Task:
Scan the data, and whenever a line contains "values", copy it.

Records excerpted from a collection
* * * * *

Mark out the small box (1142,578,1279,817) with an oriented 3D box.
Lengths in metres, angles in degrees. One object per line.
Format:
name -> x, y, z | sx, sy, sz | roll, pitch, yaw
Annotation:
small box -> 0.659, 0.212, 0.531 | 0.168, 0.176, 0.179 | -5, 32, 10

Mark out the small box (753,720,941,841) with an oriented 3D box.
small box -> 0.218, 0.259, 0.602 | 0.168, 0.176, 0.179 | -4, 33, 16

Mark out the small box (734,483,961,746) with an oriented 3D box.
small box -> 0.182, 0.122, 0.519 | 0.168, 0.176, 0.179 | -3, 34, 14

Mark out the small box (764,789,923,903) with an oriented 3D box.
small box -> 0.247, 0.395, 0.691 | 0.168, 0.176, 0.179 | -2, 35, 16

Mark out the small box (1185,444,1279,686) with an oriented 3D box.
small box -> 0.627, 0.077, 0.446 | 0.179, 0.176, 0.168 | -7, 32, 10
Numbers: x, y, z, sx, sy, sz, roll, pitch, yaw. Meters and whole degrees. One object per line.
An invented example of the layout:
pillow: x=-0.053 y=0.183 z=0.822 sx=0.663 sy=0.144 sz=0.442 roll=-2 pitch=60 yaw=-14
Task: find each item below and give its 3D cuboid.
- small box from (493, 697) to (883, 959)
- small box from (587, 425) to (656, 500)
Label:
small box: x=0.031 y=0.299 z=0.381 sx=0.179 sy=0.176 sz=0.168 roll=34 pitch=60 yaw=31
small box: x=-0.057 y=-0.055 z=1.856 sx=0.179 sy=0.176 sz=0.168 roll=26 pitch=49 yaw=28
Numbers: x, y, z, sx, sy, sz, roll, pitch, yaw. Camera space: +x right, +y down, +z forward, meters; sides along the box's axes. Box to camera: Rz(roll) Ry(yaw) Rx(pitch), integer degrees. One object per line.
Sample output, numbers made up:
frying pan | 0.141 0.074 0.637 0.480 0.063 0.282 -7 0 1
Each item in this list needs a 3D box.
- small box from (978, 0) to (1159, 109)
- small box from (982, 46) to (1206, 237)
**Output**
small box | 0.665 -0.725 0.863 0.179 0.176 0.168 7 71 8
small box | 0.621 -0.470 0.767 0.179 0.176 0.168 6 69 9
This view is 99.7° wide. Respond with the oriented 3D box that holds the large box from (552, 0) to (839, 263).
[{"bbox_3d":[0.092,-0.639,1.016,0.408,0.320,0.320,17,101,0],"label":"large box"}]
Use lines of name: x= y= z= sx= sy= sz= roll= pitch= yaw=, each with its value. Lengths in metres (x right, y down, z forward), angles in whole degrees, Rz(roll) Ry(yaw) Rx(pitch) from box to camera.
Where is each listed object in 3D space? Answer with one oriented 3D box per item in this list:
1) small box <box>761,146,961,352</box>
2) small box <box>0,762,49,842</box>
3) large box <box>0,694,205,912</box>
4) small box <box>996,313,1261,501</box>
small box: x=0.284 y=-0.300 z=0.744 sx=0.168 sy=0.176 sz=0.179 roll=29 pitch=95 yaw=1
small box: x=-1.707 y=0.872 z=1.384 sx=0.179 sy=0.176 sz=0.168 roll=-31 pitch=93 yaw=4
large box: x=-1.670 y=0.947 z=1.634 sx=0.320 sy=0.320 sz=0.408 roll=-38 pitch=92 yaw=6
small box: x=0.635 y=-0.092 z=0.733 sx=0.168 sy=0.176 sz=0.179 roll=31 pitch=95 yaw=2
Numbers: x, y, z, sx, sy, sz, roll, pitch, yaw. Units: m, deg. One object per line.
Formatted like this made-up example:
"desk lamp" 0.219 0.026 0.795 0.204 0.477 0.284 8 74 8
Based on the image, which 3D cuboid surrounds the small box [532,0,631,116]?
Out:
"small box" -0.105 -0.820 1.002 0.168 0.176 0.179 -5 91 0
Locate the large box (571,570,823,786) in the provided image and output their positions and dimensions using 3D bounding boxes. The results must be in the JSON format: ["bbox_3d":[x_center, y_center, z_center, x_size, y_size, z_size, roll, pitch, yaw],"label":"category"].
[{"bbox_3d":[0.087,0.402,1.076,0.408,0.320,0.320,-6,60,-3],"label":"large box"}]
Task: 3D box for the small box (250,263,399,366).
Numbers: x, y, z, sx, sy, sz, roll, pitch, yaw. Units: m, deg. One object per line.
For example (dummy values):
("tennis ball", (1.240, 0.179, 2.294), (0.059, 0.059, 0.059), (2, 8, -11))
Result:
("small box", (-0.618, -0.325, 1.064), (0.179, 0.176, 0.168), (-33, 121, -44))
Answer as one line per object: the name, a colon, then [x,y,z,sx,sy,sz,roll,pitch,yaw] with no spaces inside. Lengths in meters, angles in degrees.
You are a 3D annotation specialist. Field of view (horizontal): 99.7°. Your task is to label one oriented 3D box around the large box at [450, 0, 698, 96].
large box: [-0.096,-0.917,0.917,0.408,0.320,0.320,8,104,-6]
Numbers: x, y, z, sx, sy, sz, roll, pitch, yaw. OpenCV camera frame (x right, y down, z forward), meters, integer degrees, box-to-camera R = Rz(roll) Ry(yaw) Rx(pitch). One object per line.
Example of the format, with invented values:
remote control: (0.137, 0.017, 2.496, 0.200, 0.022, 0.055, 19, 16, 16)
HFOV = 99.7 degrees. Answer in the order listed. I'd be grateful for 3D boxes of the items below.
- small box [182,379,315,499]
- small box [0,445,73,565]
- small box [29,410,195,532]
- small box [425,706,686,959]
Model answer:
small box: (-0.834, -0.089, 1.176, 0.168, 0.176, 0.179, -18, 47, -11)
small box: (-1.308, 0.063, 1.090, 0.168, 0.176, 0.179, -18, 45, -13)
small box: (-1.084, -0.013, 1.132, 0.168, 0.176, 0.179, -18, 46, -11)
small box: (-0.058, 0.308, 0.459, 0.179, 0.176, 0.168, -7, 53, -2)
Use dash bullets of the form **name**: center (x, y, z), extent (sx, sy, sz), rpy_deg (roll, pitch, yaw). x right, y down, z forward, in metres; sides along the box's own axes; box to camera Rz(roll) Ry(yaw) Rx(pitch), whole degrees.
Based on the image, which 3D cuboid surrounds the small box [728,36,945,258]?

* * * * *

Task answer:
For example (dummy values):
Example of the format, with invented values:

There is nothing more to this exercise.